The response should contain only those lines of the entries below that include the string "maximum".

*DATA IN THIS EXERCISE*:
===============

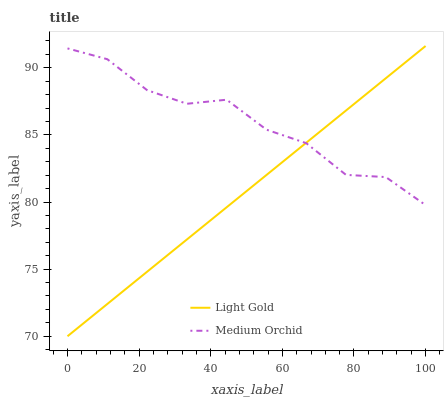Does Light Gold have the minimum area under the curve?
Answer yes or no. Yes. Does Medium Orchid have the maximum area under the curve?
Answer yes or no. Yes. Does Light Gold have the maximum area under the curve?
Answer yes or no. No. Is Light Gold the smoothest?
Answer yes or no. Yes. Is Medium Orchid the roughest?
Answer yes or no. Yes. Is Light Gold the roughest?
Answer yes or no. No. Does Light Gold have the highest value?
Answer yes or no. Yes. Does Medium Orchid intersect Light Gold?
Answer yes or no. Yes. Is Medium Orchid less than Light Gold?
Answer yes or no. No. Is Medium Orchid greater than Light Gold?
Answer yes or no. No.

===============

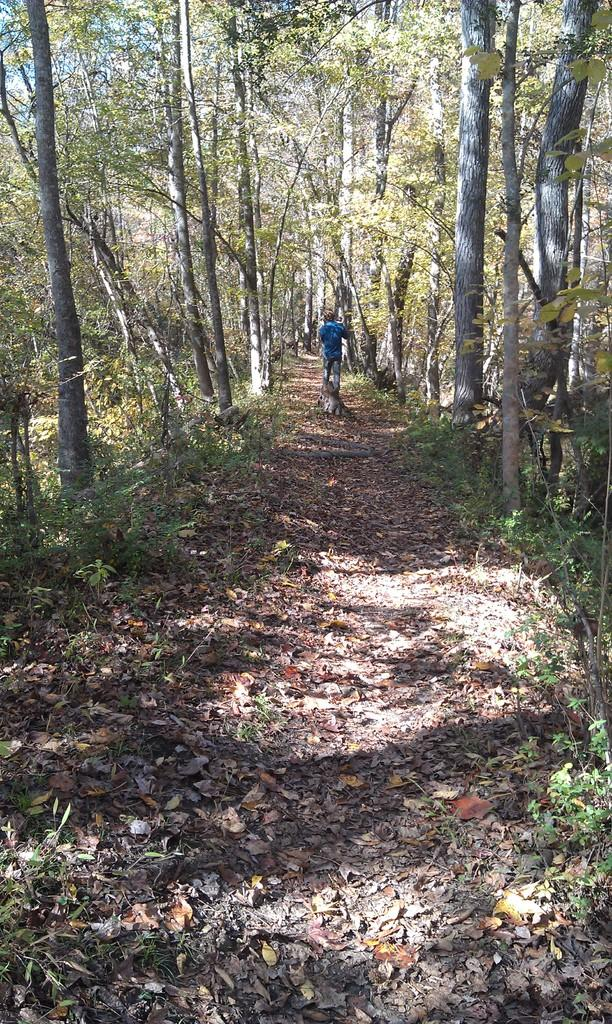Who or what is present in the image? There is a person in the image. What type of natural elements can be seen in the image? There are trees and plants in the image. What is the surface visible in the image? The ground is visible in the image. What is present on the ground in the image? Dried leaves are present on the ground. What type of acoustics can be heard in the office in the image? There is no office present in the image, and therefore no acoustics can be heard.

===============

*YOUR RESPONSE*:
Answer yes or no. Yes. Does Medium Orchid have the maximum area under the curve?
Answer yes or no. Yes. Does Light Gold have the maximum area under the curve?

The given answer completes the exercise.